Si Mme A… soutient que d’autres agents, affectés à l’UEMO de Vitry-sur-Seine, perçoivent la NBI depuis sa prise de poste sur cette unité le 1er septembre 2014, elle ne peut toutefois utilement se prévaloir de la situation d’un autre agent, dès lors qu’elle-même ne remplit pas les conditions pour en bénéficier, le principe d’égalité ne pouvant être utilement invoqué dans le cadre d’un recours en vue d’obtenir un avantage que dès lors que le demandeur ne peut y prétendre. Par suite, ce moyen doit être écarté comme inopérant.
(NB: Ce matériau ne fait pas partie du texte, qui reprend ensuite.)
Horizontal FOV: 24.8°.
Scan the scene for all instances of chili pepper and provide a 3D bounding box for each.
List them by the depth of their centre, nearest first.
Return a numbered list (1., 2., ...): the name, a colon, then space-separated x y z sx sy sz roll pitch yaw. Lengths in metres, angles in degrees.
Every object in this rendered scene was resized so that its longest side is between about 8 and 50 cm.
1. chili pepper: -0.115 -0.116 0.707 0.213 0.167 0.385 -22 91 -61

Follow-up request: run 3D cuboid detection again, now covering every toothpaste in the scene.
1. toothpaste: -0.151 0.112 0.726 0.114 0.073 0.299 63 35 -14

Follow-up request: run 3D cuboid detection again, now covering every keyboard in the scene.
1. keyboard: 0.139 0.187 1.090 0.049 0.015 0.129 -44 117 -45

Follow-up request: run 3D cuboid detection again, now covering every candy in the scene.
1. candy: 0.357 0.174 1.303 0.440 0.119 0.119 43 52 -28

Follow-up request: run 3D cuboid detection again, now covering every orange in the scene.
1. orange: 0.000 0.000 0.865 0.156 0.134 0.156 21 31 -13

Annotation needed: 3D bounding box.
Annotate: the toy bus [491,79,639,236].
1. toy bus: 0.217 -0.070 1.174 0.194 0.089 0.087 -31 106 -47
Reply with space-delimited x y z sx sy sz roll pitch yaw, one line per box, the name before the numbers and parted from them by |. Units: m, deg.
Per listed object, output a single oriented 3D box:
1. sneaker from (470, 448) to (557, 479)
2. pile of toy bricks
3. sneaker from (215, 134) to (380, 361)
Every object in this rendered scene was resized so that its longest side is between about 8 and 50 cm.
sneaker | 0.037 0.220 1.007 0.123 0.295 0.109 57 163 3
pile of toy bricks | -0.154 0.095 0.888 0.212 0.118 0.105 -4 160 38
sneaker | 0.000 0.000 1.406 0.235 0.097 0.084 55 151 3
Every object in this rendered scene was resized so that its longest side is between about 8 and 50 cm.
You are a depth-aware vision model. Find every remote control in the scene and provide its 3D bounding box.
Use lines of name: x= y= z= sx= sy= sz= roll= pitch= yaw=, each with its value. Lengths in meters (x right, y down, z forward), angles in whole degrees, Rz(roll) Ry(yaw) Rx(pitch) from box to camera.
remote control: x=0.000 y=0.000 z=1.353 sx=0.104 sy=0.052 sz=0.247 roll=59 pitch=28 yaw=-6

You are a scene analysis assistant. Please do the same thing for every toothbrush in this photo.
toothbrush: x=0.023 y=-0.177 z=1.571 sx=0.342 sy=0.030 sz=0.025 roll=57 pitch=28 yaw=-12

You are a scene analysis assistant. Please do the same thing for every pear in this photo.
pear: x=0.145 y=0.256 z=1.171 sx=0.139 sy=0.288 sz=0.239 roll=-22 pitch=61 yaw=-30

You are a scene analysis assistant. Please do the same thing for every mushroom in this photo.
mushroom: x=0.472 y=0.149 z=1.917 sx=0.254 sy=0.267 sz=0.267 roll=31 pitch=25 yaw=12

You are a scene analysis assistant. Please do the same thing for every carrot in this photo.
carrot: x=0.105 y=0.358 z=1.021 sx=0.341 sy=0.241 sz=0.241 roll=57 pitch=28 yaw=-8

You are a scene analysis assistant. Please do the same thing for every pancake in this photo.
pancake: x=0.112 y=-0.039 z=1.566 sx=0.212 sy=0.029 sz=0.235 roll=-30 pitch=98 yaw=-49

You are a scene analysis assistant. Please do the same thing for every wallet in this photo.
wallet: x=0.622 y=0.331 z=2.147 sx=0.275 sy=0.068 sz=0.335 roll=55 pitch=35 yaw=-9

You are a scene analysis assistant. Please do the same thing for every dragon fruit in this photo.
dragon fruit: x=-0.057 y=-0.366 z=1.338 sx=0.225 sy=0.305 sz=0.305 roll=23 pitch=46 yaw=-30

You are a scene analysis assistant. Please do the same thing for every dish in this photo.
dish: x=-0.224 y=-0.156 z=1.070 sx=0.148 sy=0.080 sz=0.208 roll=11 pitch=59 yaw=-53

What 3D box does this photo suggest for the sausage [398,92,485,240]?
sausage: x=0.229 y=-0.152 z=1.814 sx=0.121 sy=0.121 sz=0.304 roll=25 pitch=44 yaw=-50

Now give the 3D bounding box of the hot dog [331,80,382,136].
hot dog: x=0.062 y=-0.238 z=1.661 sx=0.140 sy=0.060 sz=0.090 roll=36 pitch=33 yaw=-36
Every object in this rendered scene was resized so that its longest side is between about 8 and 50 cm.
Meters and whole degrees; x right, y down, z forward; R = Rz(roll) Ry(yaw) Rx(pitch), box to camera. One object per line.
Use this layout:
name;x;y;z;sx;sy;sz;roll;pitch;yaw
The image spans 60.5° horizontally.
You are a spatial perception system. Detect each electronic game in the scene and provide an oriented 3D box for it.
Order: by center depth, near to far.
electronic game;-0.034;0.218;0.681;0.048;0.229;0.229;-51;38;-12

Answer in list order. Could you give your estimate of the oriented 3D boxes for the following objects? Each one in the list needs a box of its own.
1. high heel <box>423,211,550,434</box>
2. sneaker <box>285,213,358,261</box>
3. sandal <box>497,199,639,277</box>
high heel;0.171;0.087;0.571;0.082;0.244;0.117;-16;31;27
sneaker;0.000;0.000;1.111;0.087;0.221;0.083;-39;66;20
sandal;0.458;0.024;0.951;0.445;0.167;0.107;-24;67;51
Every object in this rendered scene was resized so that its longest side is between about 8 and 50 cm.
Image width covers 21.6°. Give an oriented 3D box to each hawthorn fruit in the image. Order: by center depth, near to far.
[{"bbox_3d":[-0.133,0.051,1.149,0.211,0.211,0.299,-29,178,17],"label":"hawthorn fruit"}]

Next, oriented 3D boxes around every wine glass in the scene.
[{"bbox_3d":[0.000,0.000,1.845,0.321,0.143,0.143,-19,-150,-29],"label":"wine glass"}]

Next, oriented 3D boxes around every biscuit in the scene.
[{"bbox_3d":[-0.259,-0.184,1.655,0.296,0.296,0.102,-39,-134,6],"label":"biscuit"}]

Il résulte de l’ensemble de ce qui précède, sans qu’il soit besoin de se prononcer sur l’exception de prescription quadriennale soulevée en défense, que la requête de Mme A… doit être rejetée.
D E C I D E :
Article 1er : La requête de Mme A… est rejetée.
Article 2 : Le présent jugement sera notifié à Mme B… A… et au garde des sceaux, ministre de la justice.
Délibéré après l’audience du 14 octobre 2025, à laquelle siégeaient :
M. Freydefont, vice-président,
M. Rehman-Fawcett, conseiller,
Mme Iffli, conseillère.
Rendu public par mise à disposition au greffe le 28 octobre 2025.
Le rapporteur,
C. Rehman-Fawcett
Le vice-président,
C. Freydefont
La greffière,
L. Sueur
La République mande et ordonne au garde des sceaux, ministre de la justice en ce qui le concerne ou à tous commissaires de justice à ce requis en ce qui concerne les voies de droit commun contre les parties privées, de pourvoir à l’exécution de la présente décision.